South Korea's Financial Supervisory Service reviewed voting rights exercise records from 285 public and private asset management companies covering 46,827 agendas disclosed from April last year to March this year, finding an exercise rate of 91.8% and an opposition rate of 8.2%. The improvement continues a trend from 2024's 79.6% exercise rate and 2025's 91.6% rate, while opposition rates rose from 5.2% to 6.8% to 8.2% over the same period. Despite progress, infrastructure gaps persist between large public fund managers and smaller firms in exercising shareholder rights, according to the FSS announcement on the 7th.
The exercise rate remains below the National Pension Service's 99.8% exercise rate and 23.1% opposition rate from last year. The gradual shift indicates asset management companies are moving away from passive approval-focused voting practices.
Opposition votes concentrated on three agenda categories: executive compensation with 1,600 cases, articles of incorporation changes with 1,200 cases, and director and auditor appointments and dismissals with 1,163 cases.
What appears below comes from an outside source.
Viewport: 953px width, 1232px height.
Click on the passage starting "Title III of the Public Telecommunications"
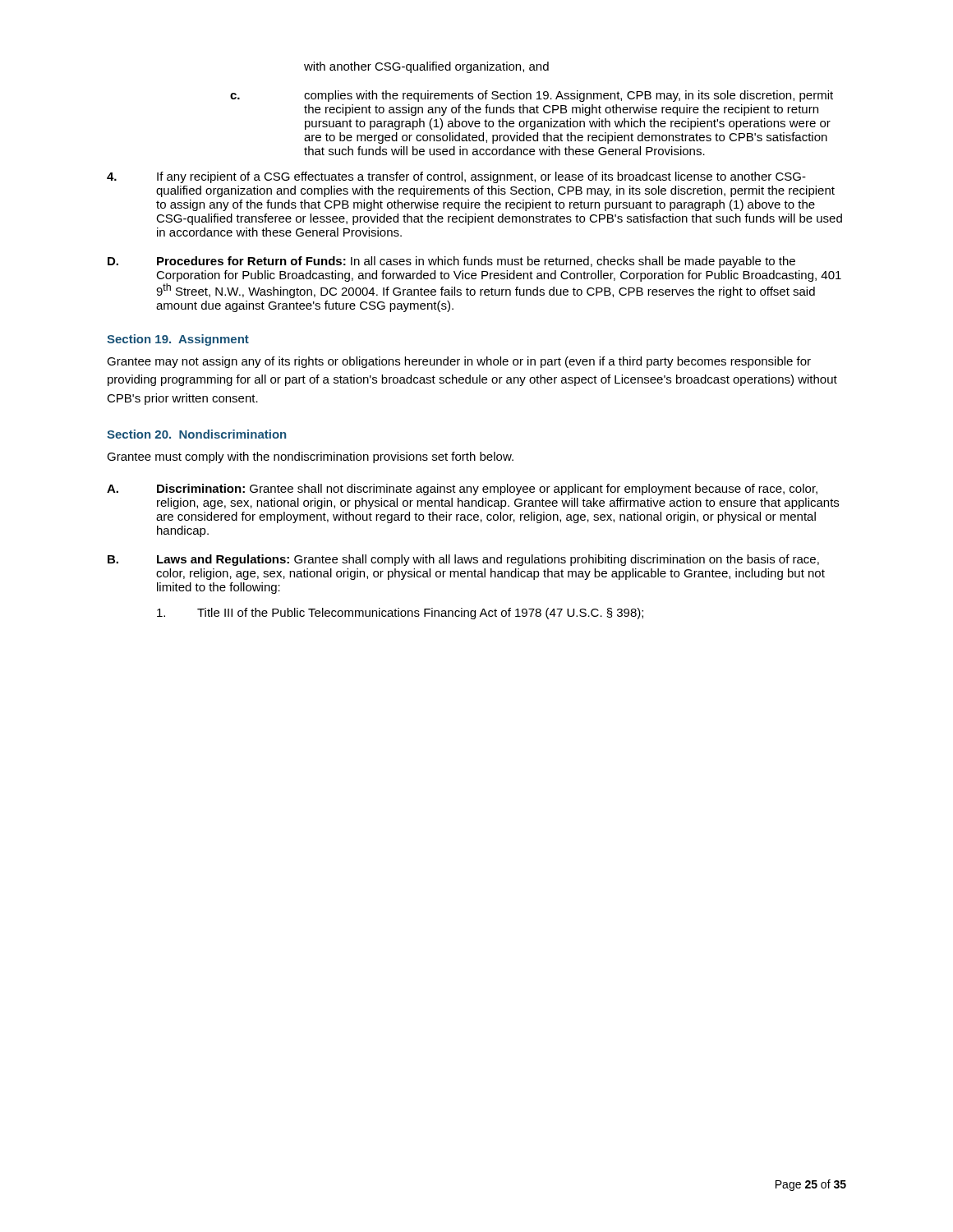[501, 612]

Public fund managers specifically opposed articles of incorporation changes that contradicted revised Commercial Act principles, including deletion of three-year director term minimums and provisions reducing director liability.
The FSS separately examined shareholder rights exercise systems at 67 public fund managers, identifying Samsung Asset Management, NH Amundi Asset Management, and VIP Asset Management as best practice cases. Samsung Asset Management established a dedicated organization, strengthened decision-making bodies, and conducted on-site inspections of voting advisory firms. NH Amundi Asset Management operated a dual decision-making structure with separate voting rights exercise and fiduciary responsibility committees.
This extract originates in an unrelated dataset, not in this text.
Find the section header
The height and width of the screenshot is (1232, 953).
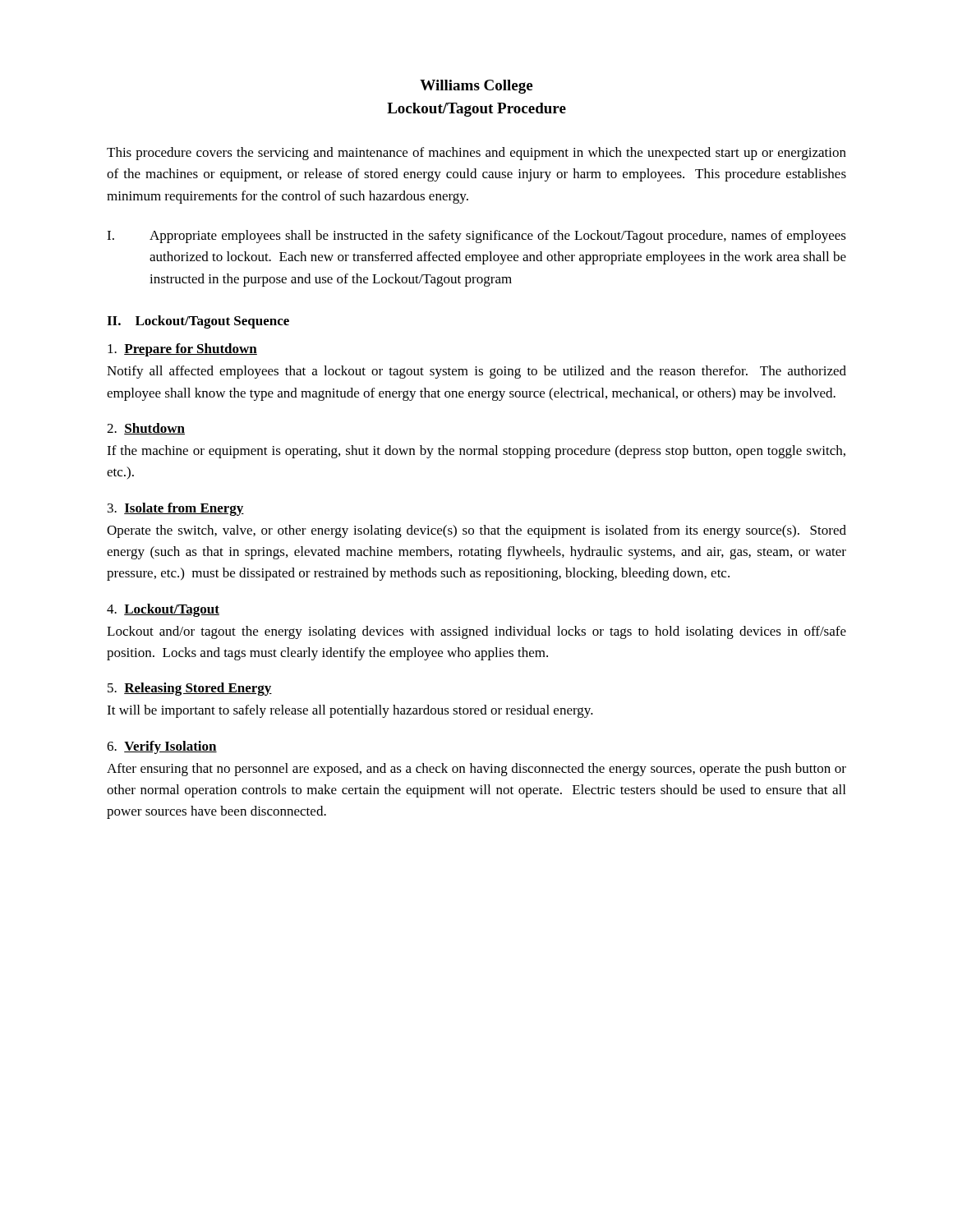coord(476,321)

VIP Asset Management, despite being a smaller firm, maintained the highest ratio of dedicated staff relative to assets under management and actively conducted shareholder letters and management interviews. Mirae Asset, Kyobo AXA, Truston, and Shinhan Asset Management, identified as best practices in the previous year, maintained satisfactory standards.
Hanwha Investment and KB Asset Management, flagged as inadequate cases last year, substantially improved voting rights exercise disclosure quality in the current review.
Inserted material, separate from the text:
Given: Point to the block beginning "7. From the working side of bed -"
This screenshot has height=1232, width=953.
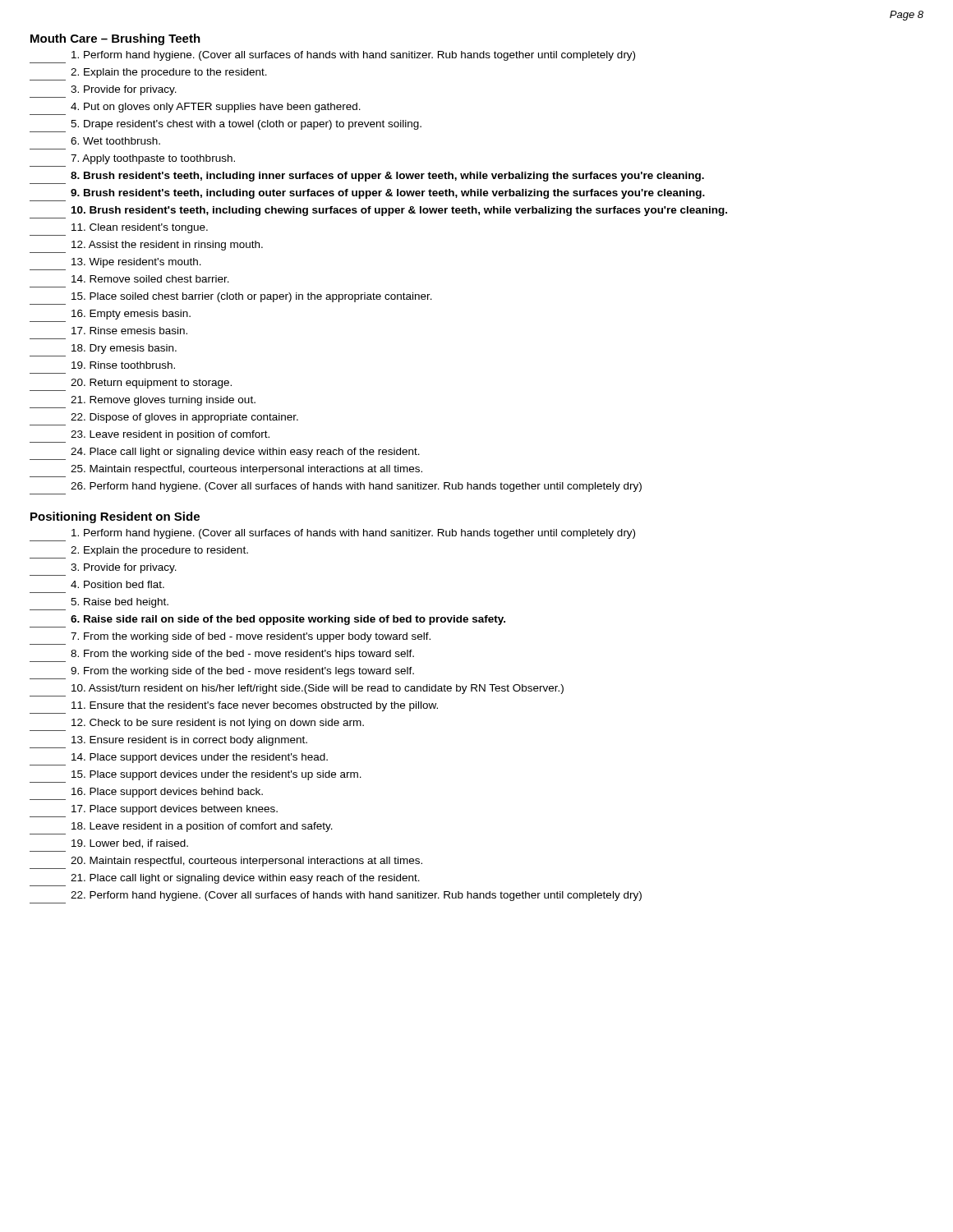Looking at the screenshot, I should (x=251, y=637).

Shinhan Asset Management, Woori Asset Management, and Samsung Active Asset Management were identified as inadequate cases. Shinhan Asset Management used uniform descriptions such as "approved due to no disqualification reasons or special circumstances" for director appointment agendas and lacked a separate decision-making body and KPI system.
Woori Asset Management recorded a 73.4% duplicate description rate in voting exercise rationale—the highest among large public fund managers—and had no dedicated organization or detailed guideline disclosures. Samsung Active Asset Management showed a 77.3% duplicate description rate and no voting-related KPIs.
Shinhan Financial Group established a fiduciary responsibility committee chaired by an outside director following the review. Woori Financial Group began disclosing all internal voting rights exercise guidelines at the end of last month.
An FSS official stated that most inadequate cases occurred at small private fund managers, and the agency plans to strengthen guidance on voting rights exercise and disclosure for private fund managers.
The FSS will hold an asset management company CEO meeting on the 13th to build consensus on identified issues with the industry.
What was the voting rights exercise rate for South Korean asset management companies from April last year to March this year?
The Financial Supervisory Service reported that 285 public and private asset management companies achieved a 91.8% voting rights exercise rate and an 8.2% opposition rate across 46,827 disclosed agendas from April last year to March this year.
Which asset management companies did the FSS identify as best practices for shareholder rights exercise?
The FSS identified Samsung Asset Management, NH Amundi Asset Management, and VIP Asset Management as best practice cases based on their dedicated organizations, decision-making structures, and active engagement with portfolio companies through shareholder letters and management interviews.